I'm using REXML::StreamListener to analyze a big xml file. My ruby
code looks like this:

--- code start here ---

require 'rexml/document'
require 'rexml/streamlistener'

class MyListener
  include REXML::StreamListener
  def tag_start(name, attrs)
    # anything to do ...
  end
  def text(text)
    # anything to do ...
  end
end

REXML::Document.parse_stream( File.open( xmlfile), MyListener.new)

--- code ends here ---

At the "tag_start" method I need sometimes the information where I am
in the xml. What is my parent tag and so on. Is there is a method to
get this information at this time?

Regards

Michael

In general, the big value of a stream parser is that it is not holding onto much state, so memory needs stay small regardless of the size of the XML. State tracking is left to the application developer.

The REXML pull-parser lets you peek at the next event; not sure offhand if it goes the other way. But I suspect that with the stream and pull parsers (one of which sits on the other under the hood, so they are more or less the same), once an event is off the stack, it is gone.

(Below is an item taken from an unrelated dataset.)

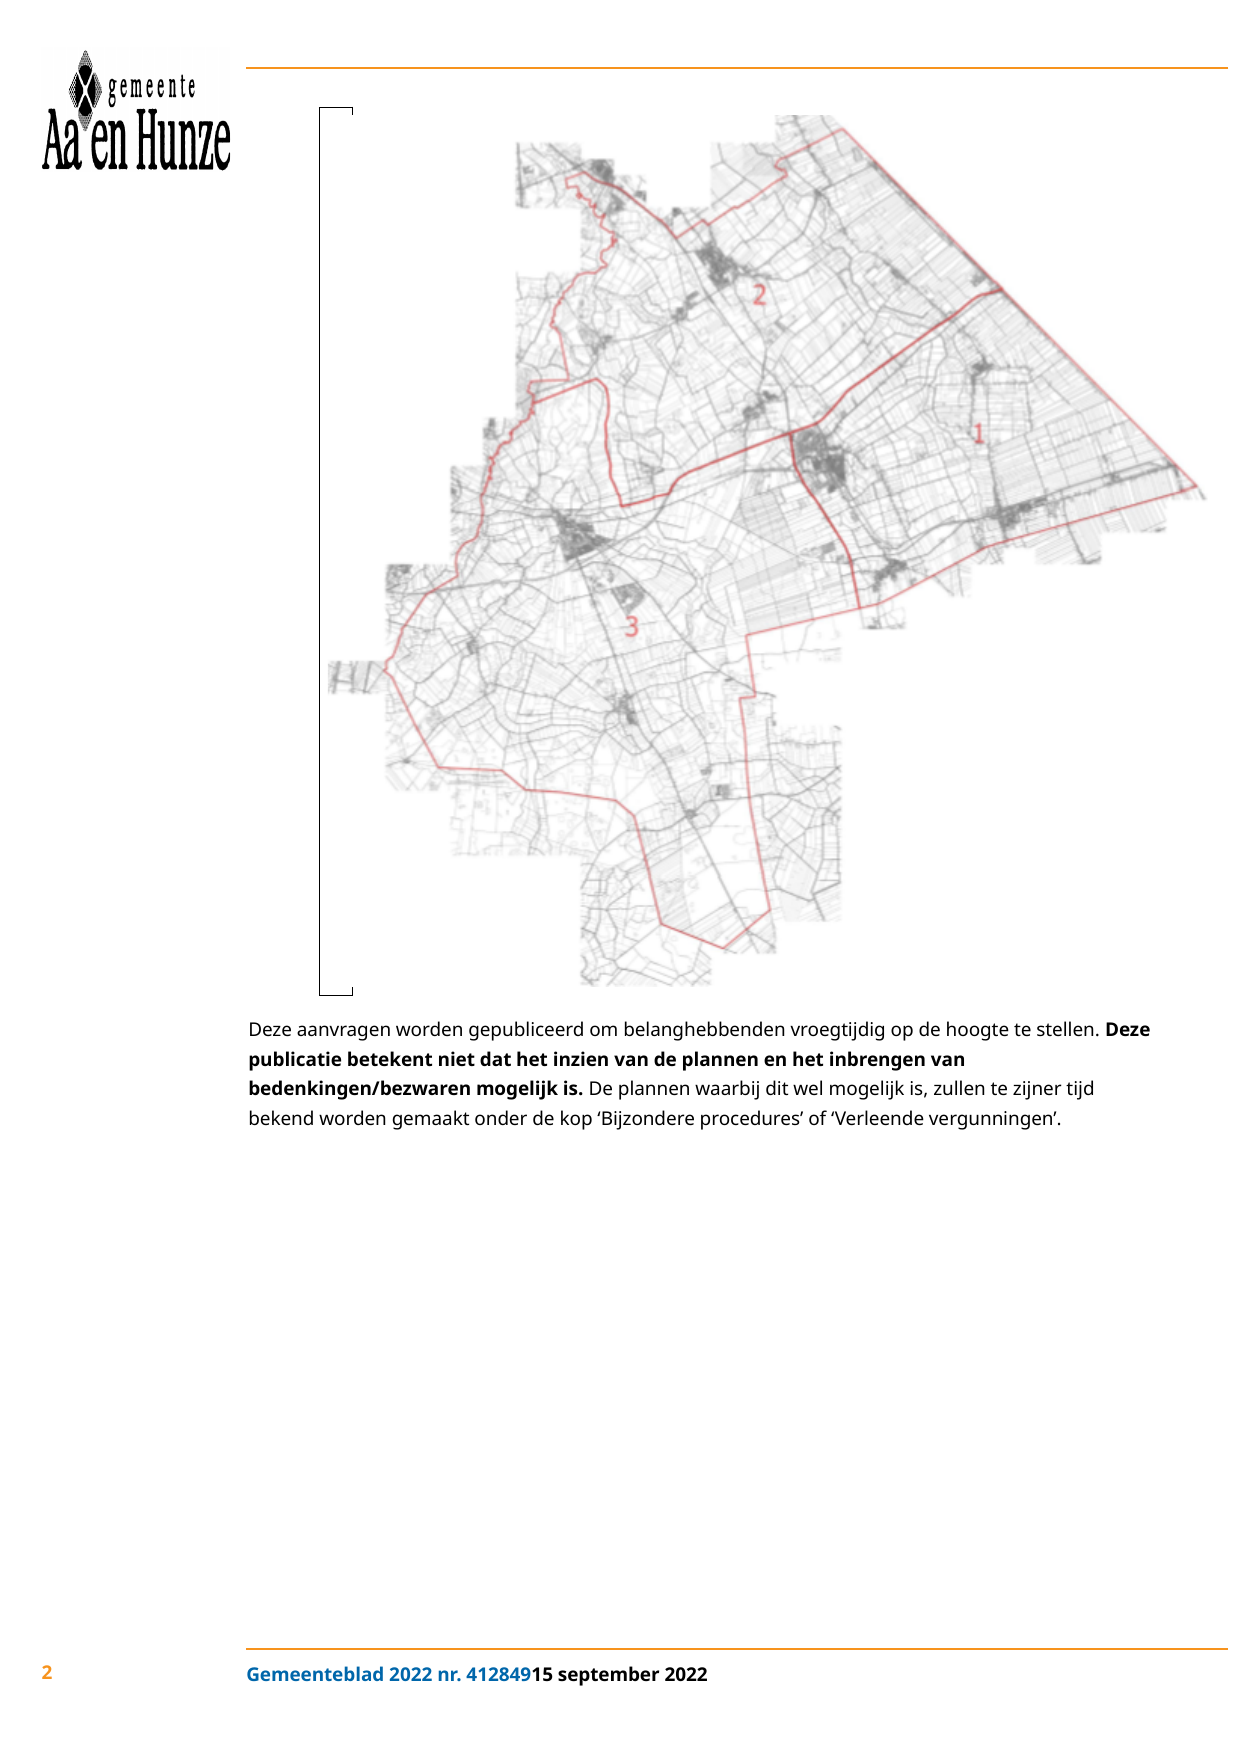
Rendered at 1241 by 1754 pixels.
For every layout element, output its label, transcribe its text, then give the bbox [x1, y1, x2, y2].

text Deze aanvragen worden gepubliceerd om belanghebbenden vroegtijdig op de hoogte te stellen. Deze publicatie betekent niet dat het inzien van de plannen en het inbrengen van bedenkingen/bezwaren mogelijk is. De plannen waarbij dit wel mogelijk is, zullen te zijner tijd bekend worden gemaakt onder de kop ‘Bijzondere procedures’ of ‘Verleende vergunningen’. [248, 1016, 1152, 1131]
picture [41, 47, 231, 172]
picture [327, 115, 1214, 987]

Stream parsing works really well when you have a large source of regularly structured data (e.g., XML dump of a database table), such that you can grab and stash in memory just what you need, work with it (perhaps as a transient DOM), then discard it and move on.

···

beikel.meikel@web.de wrote:

Hi,

I'm using REXML::StreamListener to analyze a big xml file. My ruby
code looks like this:

--- code start here ---

require 'rexml/document'
require 'rexml/streamlistener'

class MyListener
  include REXML::StreamListener
  def tag_start(name, attrs)
    # anything to do ...
  end
  def text(text)
    # anything to do ...
  end
end

REXML::Document.parse_stream( File.open( xmlfile), MyListener.new)

--- code ends here ---

At the "tag_start" method I need sometimes the information where I am
in the xml. What is my parent tag and so on. Is there is a method to
get this information at this time?

--
James Britt

"Trying to port the desktop metaphor to the Web is like working
on how to fuel your car with hay because that is what horses eat."
    - Dare Obasanjo

Hi,

I've used REXML::Parsers::PullParser instead of stream parsing (same
general idea), here's an example of a function that waits until it
sees a tag that matches element_name and then pulls the text from it:

    def self.get_element_text(filename, element_name)
      parser = REXML::Parsers::PullParser.new(File.new(filename))
      text = false
      while parser.has_next?
        el = parser.pull
        if el.start_element? and el[0] == element_name
          text = parser.peek[0]
          break
        end
      end
      return text
    end

So, while the above certainly won't work for your application, you
could try playing a little with parser.peek to see if you can find the
child node (or next node, whatever) that you're looking for.

HTH,
Keith

···

On 2/21/07, beikel.meikel@web.de <beikel.meikel@web.de> wrote:

I'm using REXML::StreamListener to analyze a big xml file. My ruby
code looks like this:
...
At the "tag_start" method I need sometimes the information where I am
in the xml. What is my parent tag and so on. Is there is a method to
get this information at this time?

@James: I know a SAX parser in another language that has to use like
the REXML::StreamListener. You have additional the information that -
for example - a FirstName-Tag is a member of a User-Tag and so on.
You're right, if I use REXML::StreamListener, I can track the stack
for my self. But there was a chance that I have oversight the right
function in REXML::StreamListener only :slight_smile:

@Keith: I will check the REXML::Parsers::PullParser. Thanks for the
info :slight_smile:

Michael